Image result for neuron

A nerve cell consists of numerous dendrites around the cell nucleus, as well as a long axon connecting to another neuron’s dendrite, as shown above. Electric impulses are transmitted into the cell body via the dendrites, and, when the electric voltage builds up above a certain threshold in the form of sodium concentration, the neuron is activated, firing an electric pulse along the axon towards the other neuron. Artificial neurons work in a similar way: accepting numerical inputs from other neurons, and activating when the weighted sum of the inputs exceeds the threshold. The weights of the inputs are the essential part of the model. They, along with a static Bias Weight, determine the output of the neurons and the result of classification, and are targeted for training during the machine learning process.

Image result for artificial neruon

The activation procedure of an artificial neuron is represented by the Activity Rule, a function that produces an output from 0 to 1 as the input increases. The Activity Rule could be one of the many sigmoid functions (those with “S”-shaped curves), including the hyperbolic tangent function and the logistic function. In most cases, the logistic functions are preferred, for they have superior mathematical properties allowing them to outperform other sigmoid models with noisy and linearly inseparable inputs.

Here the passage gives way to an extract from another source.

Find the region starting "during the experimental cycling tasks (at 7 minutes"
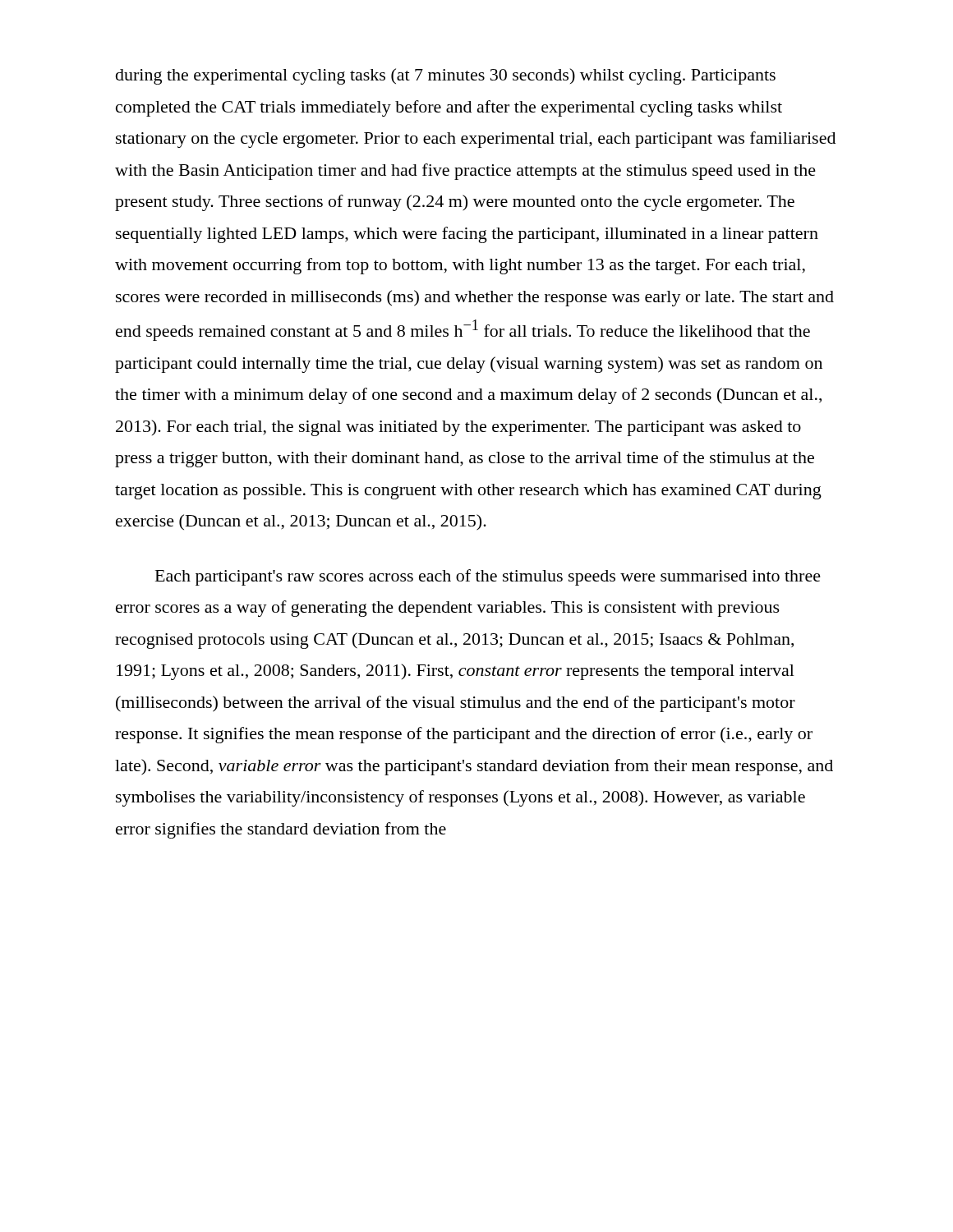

To build up an artificial neural network, we simply align the neurons into different layers. Each neuron in the same layer receives input from all other neurons from the preceding layer, and feeds its result into every neuron in the proceeding layer.

Image result for artificial neural network

Therefore, the layers in a neural network could be divided into three parts. First is an input layer receiving data from the environment. The number of neurons in this layer matches the dimension of the input data set, while each neuron takes the whole set as its input. Then there are several hidden layers, processing input data layer by layer. Finally, an output layer produces the results, which are normalized before being presented as classification outcomes. Though the number of layers and the number of neurons in each layer has no limitation, the problem of underfitting and overfitting need to be considered to achieve an effective model.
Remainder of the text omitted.